Читаем Вокруг «Серебряного века» полностью

Нам остается учиться и учиться этому. Выбирая свой путь в науке, пусть самый скромный, вспоминать то, как свои пути, очень разные, прошли Гаспаров и Топоров, как они оберегали право на свободное развитие, подчиненное не текущему дню, а, если угодно, вечности.

От Блока — к истории символизма: О З. Г. Минц [*]

Казалось бы, Заре Григорьевне Минц суждена судьба обычного советского провинциального литературоведа: Ленинградский университет (со значимым сокращением ЛГУ) во второй половине 1940-х годов, школа рабочей молодежи в Ленинградской области. Тартуский учительский институт, потом Тартуский университет, еще совсем не тот, каким он известен нынешним ученым… Такой обстановке трудно не подчиниться, практически невозможно.

Сегодняшние читатели трудов Минц вряд ли могут поверить в то, что ей всем движением времени была предназначена именно такая судьба, потому что подавляющее большинство ее работ оказалось не подверженным не только идеологическим догмам, но и самому течению времени. И сегодня они воспринимаются как абсолютно современные и даже актуальные. И сегодня с Минц хочется спорить и соглашаться, забывая, что уже без малого двадцать лет ее нет в живых. Почему это так?

Ответ, который вертится на языке у традиционно мыслящих людей, — судьба, которая сделала ее женой Ю. М. Лотмана. Действительно, Лотман обладал столь могущественной аурой, что рядом с ним трудно было заурядно мыслить и невозможно — халтурно работать. И вместе с тем любой, кто хоть немного (как автор этих строк) знал эту супружескую чету в жизни, может засвидетельствовать, что это были два совершенно разных человека, несомненно близкие друг к другу, как могут быть супруги с многолетним стажем, но в то же время — чрезвычайно отличные в том, как они относились к трудам своим собственным и других, а стало быть — к тому главному, что определяет жизнь в науке.

Если попробовать сформулировать эти различия, не претендуя на безусловную правоту, то, вероятно, можно было бы сказать так: для Лотмана важнее были ответы на задававшиеся самому себе вопросы, тогда как для Минц — процесс поиска ответов. Лотман создавал завершенную картину, в полном смысле решал задачу(что, конечно, вовсе не значило, что решал раз и навсегда: сколько раз к одним и тем же темам он возвращался на протяжении долгих лет, внося коррективы в свои ответы, — но по большей части они давались в полной и на время окончательной форме). Минц же в гораздо большей степени обозначала перспективы, открывающиеся после самой постановки проблемы, и потому ее работы по-особому притягательны для читателей. Если у Лотмана чаще всего находишь идеи, наталкивающие на их дальнейшее развитие или же на полемику, то при чтении работ Минц чаше мыслишь параллельно, стимулируемый не готовым ответом, а самим ходом рассуждения, самим движением мысли.

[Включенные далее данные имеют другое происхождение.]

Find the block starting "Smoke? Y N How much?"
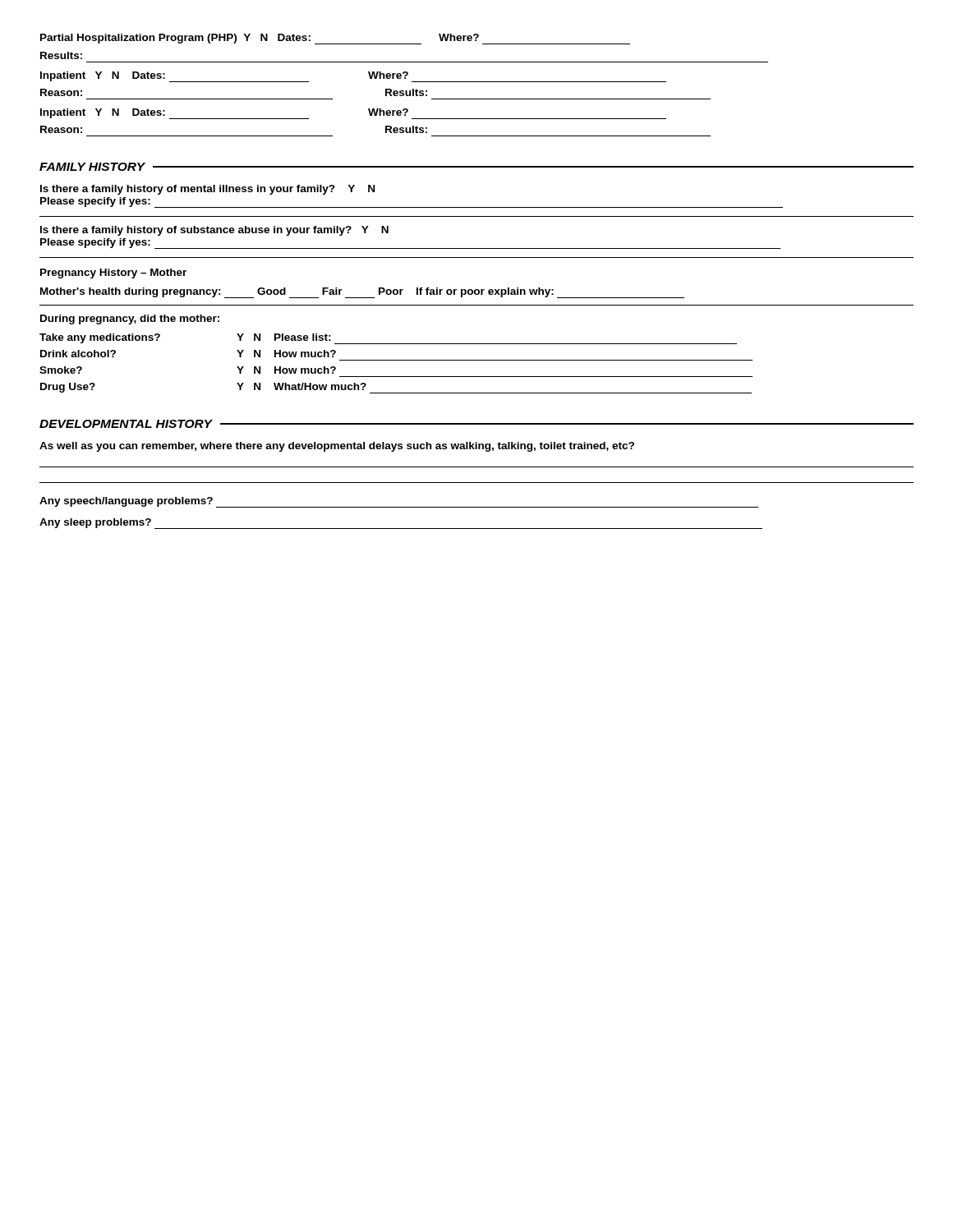(x=396, y=370)

Это, конечно, совсем не значит, что такое представление абсолютно. И Минц умела давать точные ответы, которые воспроизводились в виде уже готовых формул, и Лотман завораживал течением научного поиска, — но все-таки в основных чертах логика их творчества (действительно творчества) выстраивалась именно по такому принципу.

Выводы, отсюда проистекающие, можно было бы воспроизводить во множестве, но вряд ли стоит делать противопоставление ядром сегодняшних размышлений. Важно сказать, что Минц была совершенно самостоятельным ученым, с другой традицией и стилем мышления, чем у ее великого мужа, и тем самым обеспечила себе место не в его тени, а рядом, наособицу. Кажется, учеба у Д. Е. Максимова, в раннем возрасте успевшего приобщиться к последним отголоскам русского символизма, не прошла даром для Минц не только в качестве искренней и всегдашней благодарности учителю, но еще и в том подходе, который Максимов демонстрировал в своих собственных работах (несколько принципиальнейших были опубликованы именно в тартуских «Блоковских сборниках»). От Максимова Минц получила ощущение соположенности эпох, когда хронологически далекое воспринималось как находящееся в пределах досягаемости. Не случайно она печатала воспоминания знавших Блока — Е. М. Тагер, В. П. Веригиной, Н. Н. Волоховой, С. М. Алянского, Н. А. Павлович — в те годы, когда авторы были еще живы. Тем самым связь между Блоком и современностью получала материальное воплощение, важное и еще в одном отношении: не только давние годы, когда мемуаристы были с Блоком более или менее близки, но и вся последующая эпоха, с ГУЛАГом (как у Тагер), невозможностью открыто заявить о своих религиозных взглядах (как у Павлович), почти полным забвением (как у Волоховой), создавали единое впечатление обо всем XX веке.